Police teams work near the scene of Thursday's shootings. Photo: William Dax/Getty Images

A spokesperson for antifascism campaign group HOPE not hate told VICE World News that while it was “too soon to say what motivated this man to commit murder, we do know that the incel ideology can be dangerous and radicalising.”

“It is built on misogyny, and a twisted, desperate worldview… those who consume incel content have engaged in violent attacks.”

Daniel Koehler, director of the German Institute in Radicalisation and De-Radicalisation Studies, said that while he couldn’t comment on the specifics of the Plymouth shootings, the incel community often overlapped with far-right ideology, as “toxic masculinity and violent hatred against women are common threads cutting across most forms of violent extremist ideologies.”

“However, we must understand people who consider themselves to be incels or a member of that environment to be impacted by many different factors apart from political ideologies… especially the role of mental health issues stands out.”

Incel violence has until now been a largely North American phenomenon.

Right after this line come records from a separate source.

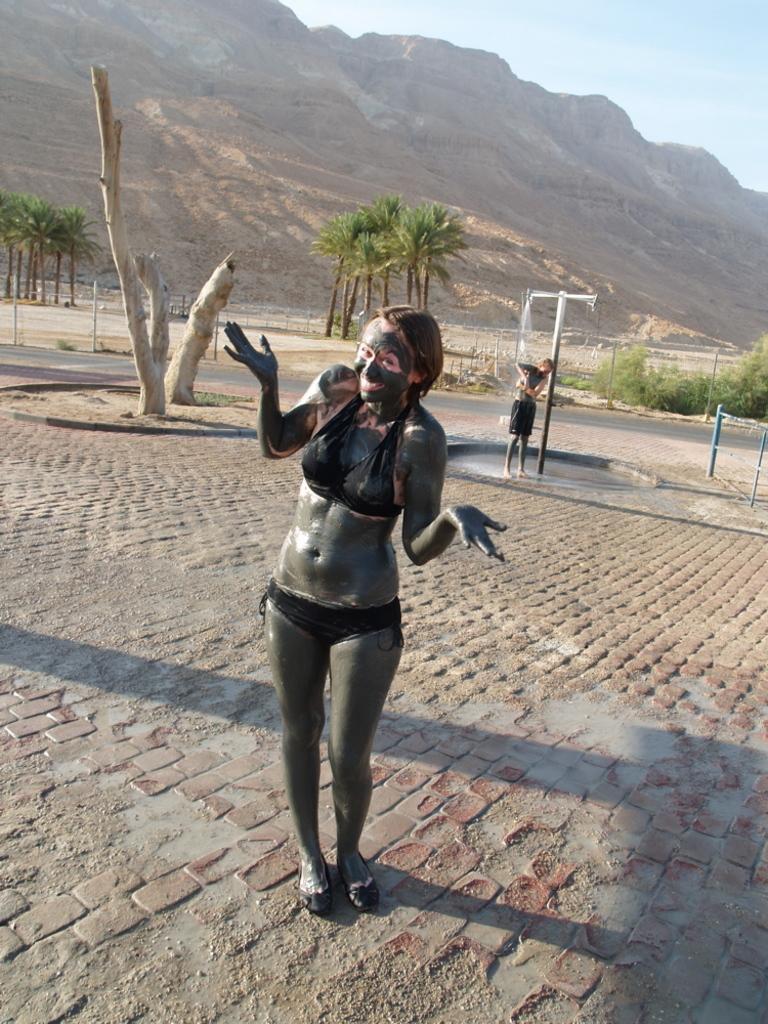Can you describe this image briefly? In this image I can see a person standing, at back I can see trees in green color and the other person standing, mountains and sky in blue color. 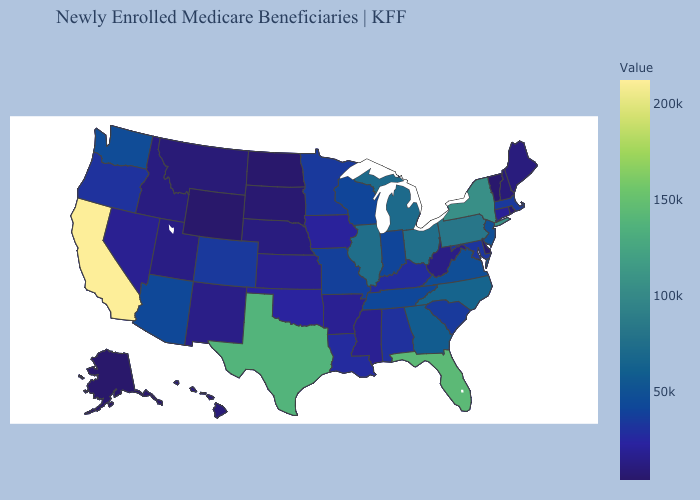Does Colorado have a lower value than Hawaii?
Concise answer only. No. Which states hav the highest value in the MidWest?
Be succinct. Ohio. Among the states that border Louisiana , which have the lowest value?
Answer briefly. Arkansas. Which states have the highest value in the USA?
Quick response, please. California. Does Utah have the highest value in the West?
Answer briefly. No. Which states have the highest value in the USA?
Keep it brief. California.

Last month, 21-year-old Tres Genco was indicted by a grand jury over an alleged plot to murder sorority members at a university in Ohio, while in March, a 28-year-old Canadian man was found guilty of 10 counts of first-degree murder and 16 counts of attempted murder for a 2018 van-ramming attack in Toronto. Shortly before the attack he had praised Rodger, and declared the start of an “incel rebellion.”

But in January, a 22-year-old Scottish incel was jailed for 10 years under the Terrorism Act, for possessing weapons in preparation for an attack. The court heard that Gabrielle Friel was obsessed with mass killings, and idolised Rodger.